One of the most challenging problems for most couples is what to do about issues that have been part of the relationship for many years. These can be small irritating behaviors like leaving the cap off the toothpaste, forgetting to take out the garbage, coming home late for dinner or annoying eating habits. These can also be potential deal breakers such as whether to have children, major sexual differences, or addictions.
Today, i will address the former. So what does your partner do that annoys you and no matter how many times you have addressed it there is no change or any shift in behavior is short-lived? These are often deeply ingrained habits or ways of viewing the world that do not easily yield to reasonable requests or angy outbursts.
Here is my approach to this difficult challenge:
1) Since it is impossible to change another person, start by altering your own behavior and attitudes.
A) Calm yourself down-Is this issue as important to your overall happiness and well being as you are making it?
B) Give your partner the benefit of the doubt-perhaps the behavior in question is really difficult to change even though it appears to be a no-brainer to you.
C) Try a more positive approach in your requests. Ask with an open heart.

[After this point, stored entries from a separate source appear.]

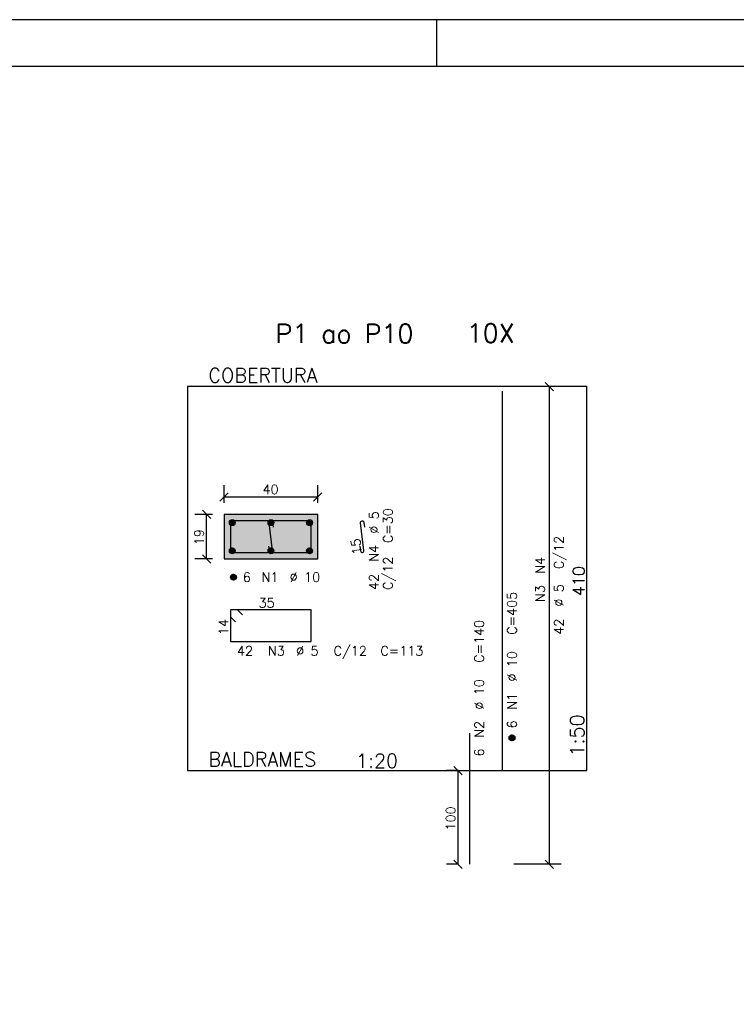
# Model space of a CAD drawing. Extents: x 0 to 116, y 0 to 84.
# Tile 20 of 22: x 70 to 85, y 63 to 84. Entities that reach past the tile are written whole.
import ezdxf

# ---------------------------------------------------------------- set-up
doc = ezdxf.new("R2010")
doc.units = 0
doc.linetypes.add('ESTILO_TQS_0002', pattern=[0.4, 0.1, -0.3])
for name, color, linetype in [('1', 7, 'CONTINUOUS'), ('12', 12, 'CONTINUOUS'), ('14', 14, 'CONTINUOUS'), ('2', 2, 'CONTINUOUS'), ('3', 3, 'CONTINUOUS'), ('4', 4, 'CONTINUOUS'), ('5', 3, 'CONTINUOUS')]:
    doc.layers.add(name, color=color, linetype=linetype)
doc.styles.get("Standard").update_dxf_attribs({"font": 'ROMANS.SHX'})

msp = doc.modelspace()

# ---------------------------------------------------------------- linework, layer by layer
at = {"layer": '1', "linetype": 'CONTINUOUS'}
for p, q in [((116, 84.099998), (0, 84.099998)), ((79, 83.099998), (79, 84.099998))]:
    msp.add_line(p, q, dxfattribs=at)
msp.add_lwpolyline([(73.672741, 76.266037), (73.672741, 68.066037), (82.205241, 68.066037), (82.205241, 76.266037), (73.672741, 76.266037)], dxfattribs=at)
at = {"layer": '1', "linetype": 'ESTILO_TQS_0002'}
msp.add_lwpolyline([(74.457741, 72.585231), (76.457741, 72.585231), (76.457741, 73.535231), (74.457741, 73.535231), (74.457741, 72.585231)], dxfattribs=at)
at = {"layer": '12', "linetype": 'CONTINUOUS'}
msp.add_lwpolyline([(2.5, 1), (115, 1), (115, 83.099998), (2.5, 83.099998), (2.5, 1)], dxfattribs=at)
at = {"layer": '14', "linetype": 'CONTINUOUS'}
for points in [[(74.457741, 72.585231), (76.457741, 72.585231), (76.457741, 73.535231)], [(74.457741, 72.585231), (76.457741, 73.535231), (74.457741, 73.535231)], [(74.457741, 72.585231), (74.457741, 73.535231), (74.457741, 72.585231)]]:
    msp.add_solid(points, dxfattribs=at)
at = {"layer": '2', "linetype": 'CONTINUOUS'}
for p, q in [((81.49363, 76.177649), (81.316853, 76.354425)), ((81.405241, 66.066037), (81.405241, 76.266037)), ((81.405241, 76.266037), (81.405241, 76.266037)), ((74.457741, 73.785231), (74.457741, 74.160231)), ((76.457741, 73.785231), (76.457741, 74.160231)), ((74.369353, 73.821843), (74.54613, 73.99862)), ((74.457741, 73.910231), (76.457741, 73.910231)), ((76.369353, 73.821843), (76.54613, 73.99862)), ((74.17113, 73.446843), (73.994353, 73.62362)), ((74.207741, 73.535231), (73.832741, 73.535231)), ((74.082741, 72.585231), (74.082741, 73.535231)), ((74.457741, 73.535231), (74.457741, 73.535231)), ((74.457741, 73.535231), (74.457741, 73.535231)), ((76.457741, 73.535231), (76.457741, 73.535231)), ((74.207741, 72.585231), (73.832741, 72.585231)), ((74.17113, 72.496843), (73.994353, 72.67362)), ((74.457741, 72.585231), (74.457741, 72.585231)), ((79.54363, 67.977649), (79.366853, 68.154425)), ((79.455241, 68.066037), (79.205241, 68.066037)), ((79.455241, 66.066037), (79.455241, 68.066037)), ((79.705241, 68.066037), (79.705241, 68.066037)), ((79.455241, 66.066037), (79.205241, 66.066037)), ((79.54363, 65.977649), (79.366853, 66.154425)), ((79.705241, 66.066037), (79.705241, 66.066037)), ((79.705241, 66.066037), (79.705241, 66.066037)), ((81.656705, 66.066037), (80.647243, 66.066037)), ((81.49363, 65.977649), (81.316853, 66.154425))]:
    msp.add_line(p, q, dxfattribs=at)
msp.add_lwpolyline([(74.457741, 72.585231), (76.457741, 72.585231), (76.457741, 73.535231), (74.457741, 73.535231), (74.457741, 72.585231)], dxfattribs=at)
at = {"layer": '3', "linetype": 'CONTINUOUS'}
for p, q in [((74.570897, 73.35142), (74.641551, 73.422074)), ((74.570906, 73.369107), (74.623922, 73.422123)), ((74.574573, 73.337418), (74.655579, 73.418425)), ((74.580623, 73.325791), (74.667212, 73.41238)), ((74.58857, 73.31606), (74.676949, 73.404439)), ((74.598303, 73.308115), (74.684901, 73.394713)), ((74.60994, 73.302074), (74.6909, 73.383034)), ((75.395897, 73.35142), (75.466551, 73.422074)), ((75.395906, 73.369107), (75.448922, 73.422123)), ((75.399573, 73.337418), (75.480579, 73.418425)), ((75.405623, 73.325791), (75.492212, 73.41238)), ((75.41357, 73.31606), (75.501949, 73.404439)), ((75.423303, 73.308115), (75.509901, 73.394713)), ((75.43494, 73.302074), (75.5159, 73.383034)), ((76.220897, 73.35142), (76.291551, 73.422074)), ((76.220906, 73.369107), (76.273922, 73.422123)), ((76.224573, 73.337418), (76.305579, 73.418425)), ((76.230623, 73.325791), (76.317212, 73.41238)), ((76.23857, 73.31606), (76.326949, 73.404439)), ((76.248303, 73.308115), (76.334901, 73.394713)), ((76.25994, 73.302074), (76.3409, 73.383034)), ((74.623914, 73.298371), (74.694634, 73.369091)), ((74.641619, 73.298398), (74.694639, 73.351418)), ((75.448914, 73.298371), (75.519634, 73.369091)), ((75.466619, 73.298398), (75.519639, 73.351418)), ((76.273914, 73.298371), (76.344634, 73.369091)), ((76.291619, 73.298398), (76.344639, 73.351418)), ((74.570897, 72.75142), (74.641551, 72.822074)), ((74.570906, 72.769107), (74.623922, 72.822123)), ((74.574573, 72.737418), (74.655579, 72.818425)), ((74.580623, 72.725791), (74.667212, 72.81238)), ((74.58857, 72.71606), (74.676949, 72.804439)), ((74.598303, 72.708115), (74.684901, 72.794713)), ((74.60994, 72.702074), (74.6909, 72.783034)), ((74.623914, 72.698371), (74.694634, 72.769091)), ((74.641619, 72.698398), (74.694639, 72.751418)), ((75.395897, 72.75142), (75.466551, 72.822074)), ((75.395906, 72.769107), (75.448922, 72.822123)), ((75.399573, 72.737418), (75.480579, 72.818425)), ((75.405623, 72.725791), (75.492212, 72.81238)), ((75.41357, 72.71606), (75.501949, 72.804439)), ((75.423303, 72.708115), (75.509901, 72.794713)), ((75.43494, 72.702074), (75.5159, 72.783034)), ((75.448914, 72.698371), (75.519634, 72.769091)), ((75.466619, 72.698398), (75.519639, 72.751418)), ((76.220897, 72.75142), (76.291551, 72.822074)), ((76.220906, 72.769107), (76.273922, 72.822123)), ((76.224573, 72.737418), (76.305579, 72.818425)), ((76.230623, 72.725791), (76.317212, 72.81238)), ((76.23857, 72.71606), (76.326949, 72.804439)), ((76.248303, 72.708115), (76.334901, 72.794713)), ((76.25994, 72.702074), (76.3409, 72.783034)), ((76.273914, 72.698371), (76.344634, 72.769091)), ((76.291619, 72.698398), (76.344639, 72.751418)), ((74.595897, 72.188032), (74.666551, 72.258686)), ((74.595906, 72.205718), (74.648922, 72.258735)), ((74.599573, 72.17403), (74.680579, 72.255036)), ((74.605623, 72.162402), (74.692212, 72.248992)), ((74.61357, 72.152671), (74.701949, 72.241051)), ((74.623303, 72.144727), (74.709901, 72.231325)), ((74.63494, 72.138686), (74.7159, 72.219646)), ((74.648914, 72.134983), (74.719634, 72.205703)), ((74.666619, 72.13501), (74.719639, 72.18803)), ((80.543397, 68.757226), (80.614051, 68.82788)), ((80.543406, 68.774912), (80.596422, 68.827929)), ((80.547073, 68.743224), (80.628079, 68.82423)), ((80.553123, 68.731596), (80.639712, 68.818186)), ((80.56107, 68.721866), (80.649449, 68.810245)), ((80.570803, 68.713921), (80.657401, 68.800519)), ((80.58244, 68.70788), (80.6634, 68.78884)), ((80.596414, 68.704177), (80.667134, 68.774897)), ((80.614119, 68.704204), (80.667139, 68.757224))]:
    msp.add_line(p, q, dxfattribs=at)
for centre in [(74.632741, 73.360231), (75.457741, 73.360231), (76.282741, 73.360231), (74.632741, 72.760231), (75.457741, 72.760231), (76.282741, 72.760231), (74.657741, 72.196843), (80.605241, 68.766037)]:
    msp.add_circle(centre, 0.0625, dxfattribs=at)
at = {"layer": '4', "linetype": 'CONTINUOUS'}
for p, q in [((80.405241, 68.066037), (80.405241, 76.166037)), ((79.705241, 66.066037), (79.705241, 68.866037))]:
    msp.add_line(p, q, dxfattribs=at)
for points in [[(74.595241, 73.397731), (74.595241, 72.722731), (76.320241, 72.722731), (76.320241, 73.397731), (74.595241, 73.397731)], [(75.408415, 72.854844), (75.420818, 72.755616), (75.425395, 72.741837), (75.434896, 72.730859), (75.447876, 72.724353), (75.462357, 72.723308), (75.476135, 72.727885), (75.487113, 72.737386), (75.49362, 72.750366), (75.494664, 72.764847), (75.420818, 73.355616), (75.421863, 73.370097), (75.428369, 73.383076), (75.439347, 73.392578), (75.453126, 73.397154), (75.467607, 73.39611), (75.480586, 73.389603), (75.490088, 73.378625), (75.494664, 73.364847), (75.507068, 73.265619)], [(77.357741, 72.854844), (77.370145, 72.755616), (77.374722, 72.741837), (77.384223, 72.730859), (77.397202, 72.724353), (77.411683, 72.723308), (77.425462, 72.727885), (77.43644, 72.737386), (77.442947, 72.750366), (77.443991, 72.764847), (77.370145, 73.355616), (77.371189, 73.370097), (77.377696, 73.383076), (77.388674, 73.392578), (77.402453, 73.397154), (77.416934, 73.39611), (77.429913, 73.389603), (77.439414, 73.378625), (77.443991, 73.364847), (77.456394, 73.265619)], [(74.851307, 71.390777), (74.745241, 71.496843), (74.595241, 71.496843), (74.595241, 70.821843), (76.320241, 70.821843), (76.320241, 71.496843), (74.595241, 71.496843), (74.595241, 71.346843), (74.701307, 71.240777)]]:
    msp.add_lwpolyline(points, dxfattribs=at)

# ---------------------------------------------------------------- texts
at = {"layer": '1', "linetype": 'CONTINUOUS'}
for s, height, p in [('10X', 0.4, (79.634892, 77.206057)), ('COBERTURA ', 0.3, (74.122741, 76.356037)), ('BALDRAMES ', 0.3, (74.122741, 68.156037))]:
    msp.add_text(s, height=height, dxfattribs=at).set_placement(p)
at = {"layer": '2', "linetype": 'CONTINUOUS'}
for s, height, p in [('1', 0.01, (82.195241, 76.266037)), ('40', 0.2, (75.277741, 73.970231)), ('6', 0.2, (74.857741, 72.096843)), ('N1', 0.2, (75.257741, 72.096843)), ('%%c 10', 0.2, (75.857741, 72.096843)), ('1:20', 0.3, (77.272741, 68.126037)), ('0', 0.01, (82.195241, 68.066037))]:
    msp.add_text(s, height=height, dxfattribs=at).set_placement(p)
for s, height, p in [('19', 0.2, (74.022741, 72.880231)), ('C/12', 0.2, (81.705241, 72.366037)), ('N4', 0.2, (81.305241, 72.266037)), ('410', 0.25, (82.155241, 71.791037)), ('N3', 0.2, (81.305241, 71.666037)), ('%%c 5', 0.2, (81.705241, 71.566037)), ('42', 0.2, (81.705241, 70.966037)), ('1:50', 0.3, (82.145241, 68.366037)), ('100', 0.2, (79.395241, 66.786037))]:
    msp.add_text(s, height=height, rotation=90, dxfattribs=at).set_placement(p)
at = {"layer": '3', "linetype": 'CONTINUOUS'}
for s, rotation, p in [('%%c 5', 90, (77.756394, 73.123308)), ('C=30', 90, (78.056394, 72.923308)), (' 15 ', 97.125016, (77.419759, 72.555592)), ('N4', 90, (77.756394, 72.523308)), ('C/12', 90, (78.056394, 71.923308)), ('42', 90, (77.756394, 71.923308)), ('C=405', 90, (80.705241, 70.966037)), (' 14 ', 90, (74.545241, 70.821843)), ('C=140', 90, (80.005241, 70.366037)), ('%%c 10', 90, (80.705241, 69.966037)), ('%%c 10', 90, (80.005241, 69.366037)), ('N1', 90, (80.705241, 69.366037)), ('N2', 90, (80.005241, 68.766037)), ('6', 90, (80.705241, 68.966037)), ('6', 90, (80.005241, 68.366037))]:
    msp.add_text(s, height=0.2, rotation=rotation, dxfattribs=at).set_placement(p)
for s, p in [(' 35 ', (75.057741, 71.546843)), (' 42', (74.595241, 70.521843)), ('N3', (75.395241, 70.521843)), ('%%c 5', (75.995241, 70.521843)), ('C/12', (76.795241, 70.521843)), ('C=113', (77.795241, 70.521843))]:
    msp.add_text(s, height=0.2, dxfattribs=at).set_placement(p)
at = {"layer": '5', "linetype": 'CONTINUOUS'}
msp.add_text('P1 ao P10', height=0.4, dxfattribs=at).set_placement((75.552819, 77.197611))

doc.saveas('drawing.dxf')

D) Do not give up when change does not occur immediately or there are relapses.
E) Look for ways to create new structures(set the clock ahead for lateness) or rituals(share a cup of coffee or tea after the garbage is taken out) which will encourage shifts in behavior.
F) Always reinforce any movement in the direction you are seeking with sincere expressions of warmth and love.
G) Thank your partner for the effort even though you believe that what you are asking is very simple and should require a minimum of energy.
H) Do not make it about whether your partner loves you.
I) Maintain your sense of humor.
J) Do not demean your partner's attempt to change even if it is not exactly what you requested.